Exercise description
Only the lines below, from the one with "- truck <box>598,404,716,502</box>" through the one with "- motorcyclist on", are to be written out, exactly.

Entries taken from a collection
· · · ·

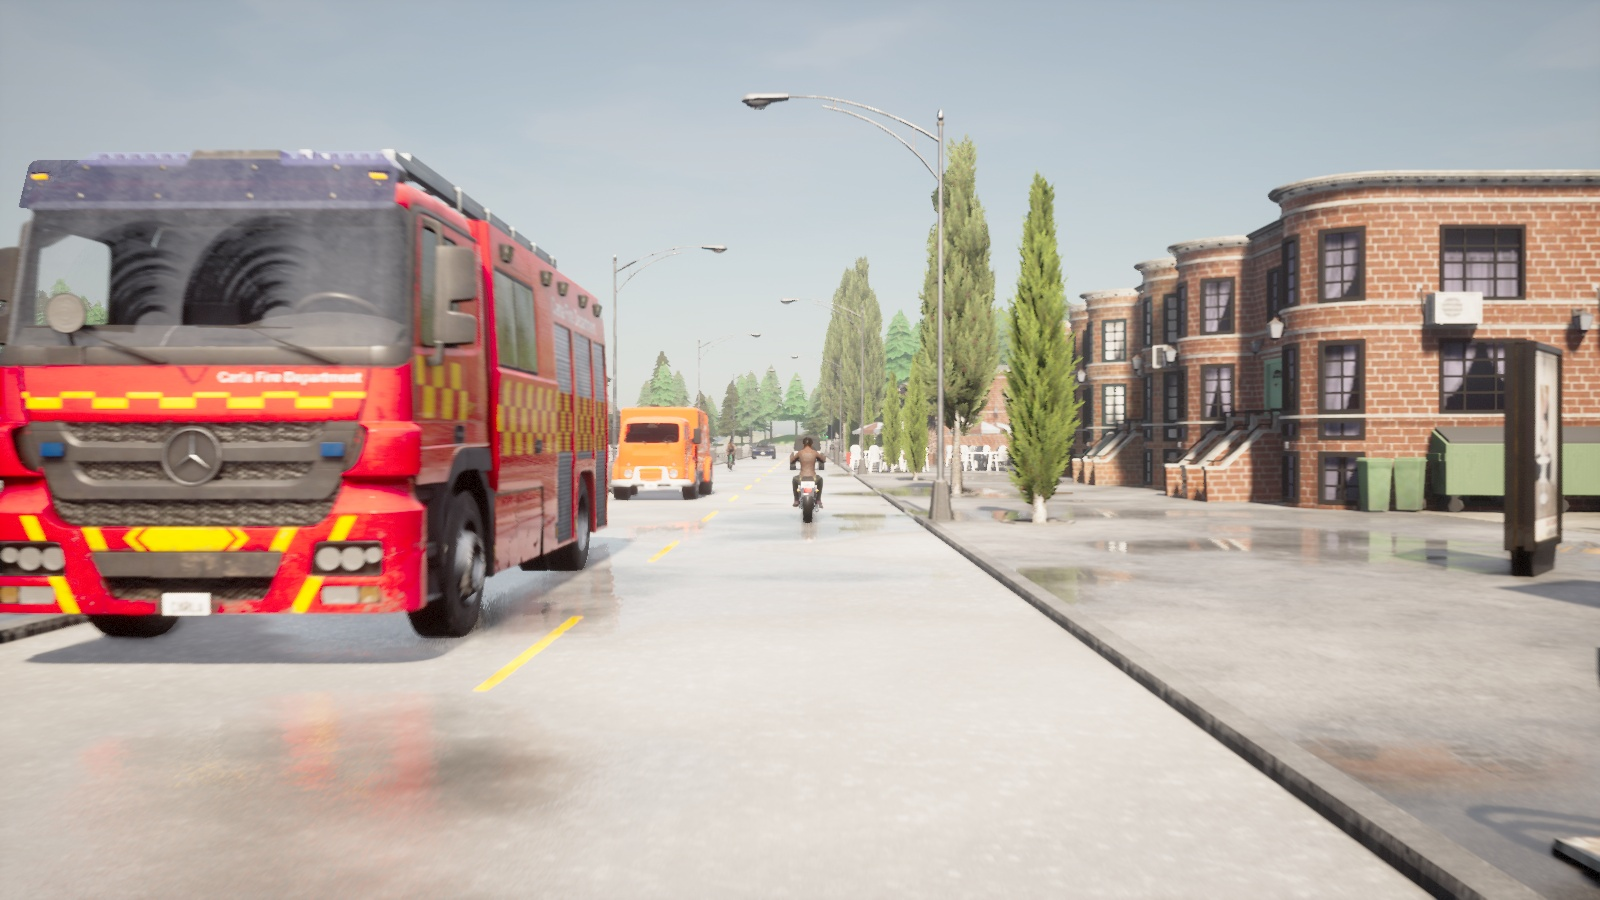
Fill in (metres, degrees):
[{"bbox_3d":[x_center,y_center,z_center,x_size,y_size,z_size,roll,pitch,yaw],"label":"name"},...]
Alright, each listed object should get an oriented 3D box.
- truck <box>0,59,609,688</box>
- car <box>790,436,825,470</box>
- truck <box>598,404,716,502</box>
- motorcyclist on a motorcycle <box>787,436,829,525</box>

· · · ·

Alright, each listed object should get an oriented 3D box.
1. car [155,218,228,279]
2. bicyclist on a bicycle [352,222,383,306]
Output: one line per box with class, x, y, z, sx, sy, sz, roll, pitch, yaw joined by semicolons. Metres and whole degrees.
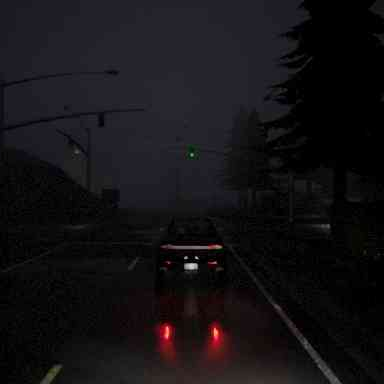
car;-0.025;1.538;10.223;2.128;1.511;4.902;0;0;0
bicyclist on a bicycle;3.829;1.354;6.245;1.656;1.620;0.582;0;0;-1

· · · ·

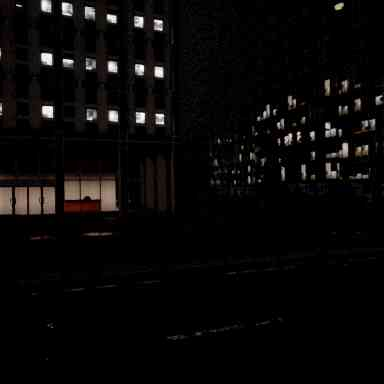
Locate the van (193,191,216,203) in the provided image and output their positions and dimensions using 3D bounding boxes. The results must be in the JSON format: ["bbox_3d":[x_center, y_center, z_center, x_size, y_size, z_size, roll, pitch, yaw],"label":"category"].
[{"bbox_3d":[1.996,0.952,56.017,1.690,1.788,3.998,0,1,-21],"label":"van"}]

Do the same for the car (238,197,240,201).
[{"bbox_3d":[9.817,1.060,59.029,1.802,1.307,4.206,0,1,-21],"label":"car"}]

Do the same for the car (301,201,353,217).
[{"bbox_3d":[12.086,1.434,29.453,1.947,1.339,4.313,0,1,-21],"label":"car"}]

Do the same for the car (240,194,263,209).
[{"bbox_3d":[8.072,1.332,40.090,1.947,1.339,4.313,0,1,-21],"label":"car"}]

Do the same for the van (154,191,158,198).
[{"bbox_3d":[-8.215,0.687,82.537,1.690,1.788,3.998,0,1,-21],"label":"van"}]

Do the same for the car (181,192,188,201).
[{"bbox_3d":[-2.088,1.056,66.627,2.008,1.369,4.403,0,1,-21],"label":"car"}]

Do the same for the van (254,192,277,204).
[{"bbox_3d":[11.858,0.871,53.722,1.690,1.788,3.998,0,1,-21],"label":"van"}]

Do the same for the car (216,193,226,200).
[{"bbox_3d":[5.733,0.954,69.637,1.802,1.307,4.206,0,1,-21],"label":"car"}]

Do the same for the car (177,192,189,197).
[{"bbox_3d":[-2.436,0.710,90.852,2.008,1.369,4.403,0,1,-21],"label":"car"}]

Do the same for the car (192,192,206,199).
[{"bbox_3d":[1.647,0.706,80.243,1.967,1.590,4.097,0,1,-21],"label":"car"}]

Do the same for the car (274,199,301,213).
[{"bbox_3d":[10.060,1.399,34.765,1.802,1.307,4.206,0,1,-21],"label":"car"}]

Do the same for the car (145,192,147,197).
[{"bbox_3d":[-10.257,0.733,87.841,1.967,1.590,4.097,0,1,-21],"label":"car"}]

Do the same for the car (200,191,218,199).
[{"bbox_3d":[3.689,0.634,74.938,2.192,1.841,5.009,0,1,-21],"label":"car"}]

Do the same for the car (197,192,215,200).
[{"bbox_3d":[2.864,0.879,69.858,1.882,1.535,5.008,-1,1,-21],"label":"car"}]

· · · ·

Solution
- truck <box>598,404,716,502</box>
- motorcyclist on a motorcycle <box>787,436,829,525</box>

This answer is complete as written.